Saturday, December 20, 2014

The Nutrition Debate #272: Falling asleep at the wheel?

An article in The Washington Post caught my attention: “Falling asleep causes 1 in 5 auto crashes.” The finding is based on new research of 14,268 crashes from 2009-2013 in which one vehicle was towed from the scene. The AAA Foundation for Traffic Safety analyzed the data and commented, “Like distraction, there are limitations in relying on crash-involved drivers to realize, remember and willfully report their level of impairment.” Therefore, the AAA investigators said, “This study leveraged findings from trained crash investigators, as opposed to police reports, as a source of data.”

Okay, as a practiced debunker of bogus or biased “research,” I could take issue at the “overreach” of their study design, the “factors” taken into consideration, the “confirmation bias” of the AAA and their “public health” agenda and advocacy disposition, but I won’t. The reason this caught my attention is that I could relate. In years past I almost killed myself (and sometimes another) on numerous occasions – too numerous to recount – by nodding off behind the wheel.

The reason, however, was not “fatigue” (lack of sleep) in the usual sense; it was low blood sugar (NOT hypoglycemia). Now it’s true that I have been a diagnosed type 2 diabetic for 28 years, which means I have probably been a type 2 for 30 to 35 years (since I was in my late 30s). This also means I was undoubtedly a pre-diabetic or 5 or 10 years before that, going back to my late 20s or early 30s. Why is this relevant? I will cite a source for the “history” of the development of type 2 diabetes – the mechanisms – a little later, but first I’ll cite some examples of common behavior that everyone can relate to.

In a few days we are going to celebrate Christmas. In our house, some adults eat almost as many Christmas cookies (and other baked goods full of sugar and butter) as the children do. We give ourselves “a pass” a few times a year to indulge in the goodies we would normally pass on. We also have fresh in our memories a similar feast of Thanksgiving just a few weeks before when we ate loads of starchy vegetables and stuffing and gravies passed around the table “family style.” It’s a wonderful tradition. And it’s equally a tradition for some overstuffed family members to “feel sleepy” after a “big meal.” Others go for a walk in the brisk late-fall air to increase their peripheral circulation and stave off that sleepy feeling.

Now we all know that we (most of us, except the cook!) are not suffering from a lack of sleep, or even a few stressful days leading up to the big meal. We are suffering from a lack of blood in the peripheral areas (arms and legs) and brain while the blood concentrates in the central areas to process, digest and absorb all the “energy” we ate. The extremities get short shrift, as they should. The body does this autonomically. It’s natural. Animals like big cats take a long nap after devouring enough of their catch to carry them days or even longer until they are fortunate enough to make another.
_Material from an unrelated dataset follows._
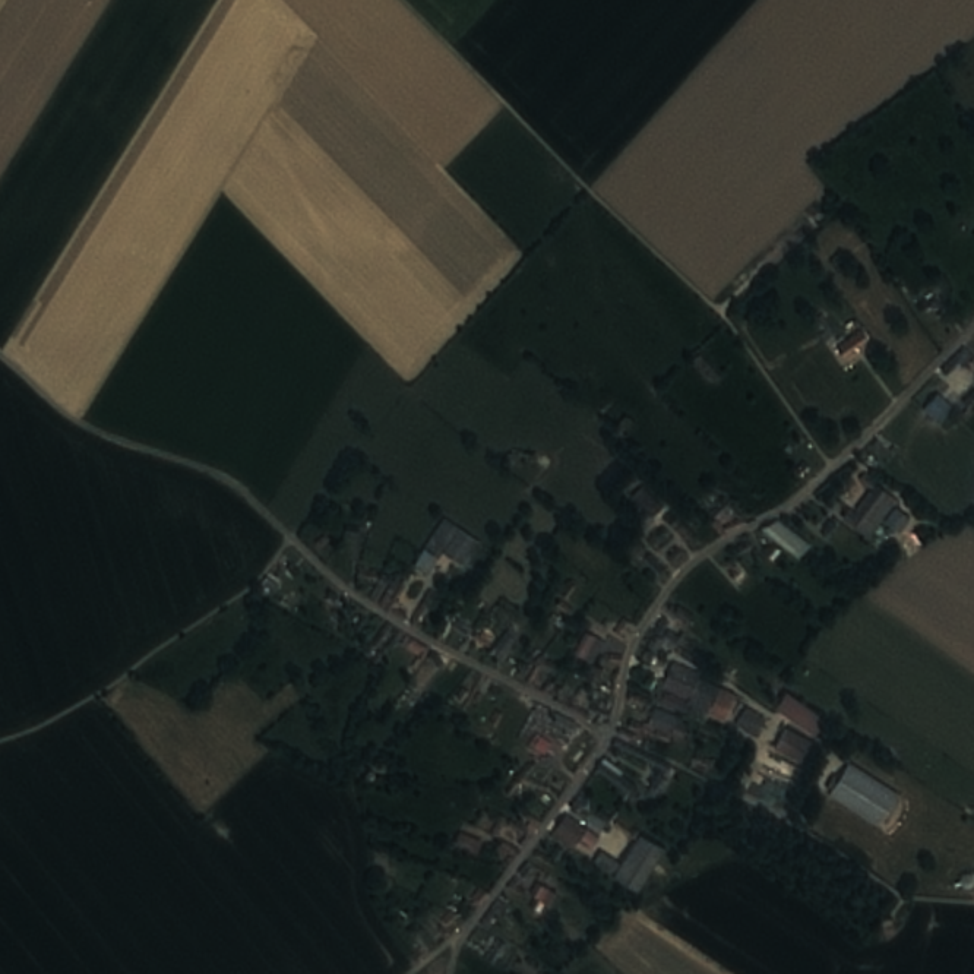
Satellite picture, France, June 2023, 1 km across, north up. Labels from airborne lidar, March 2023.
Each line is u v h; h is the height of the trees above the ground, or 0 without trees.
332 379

But the “big meal” syndrome is only part of the picture. People who have, or almost imperceptibly are beginning to have, a compromised glucose metabolism – like I was in my late 20s and early 30s – are simultaneously experiencing a different physiological phenomenon: our blood sugar routinely becomes elevated (“spikes”) above the normal +/- 140mg/dl after a meal. People with a healthy glucose metabolism never have a blood sugar above 140mg/dl, even after a big meal. But people with a compromised glucose metabolism, who eat a lot of carbs, always spike higher.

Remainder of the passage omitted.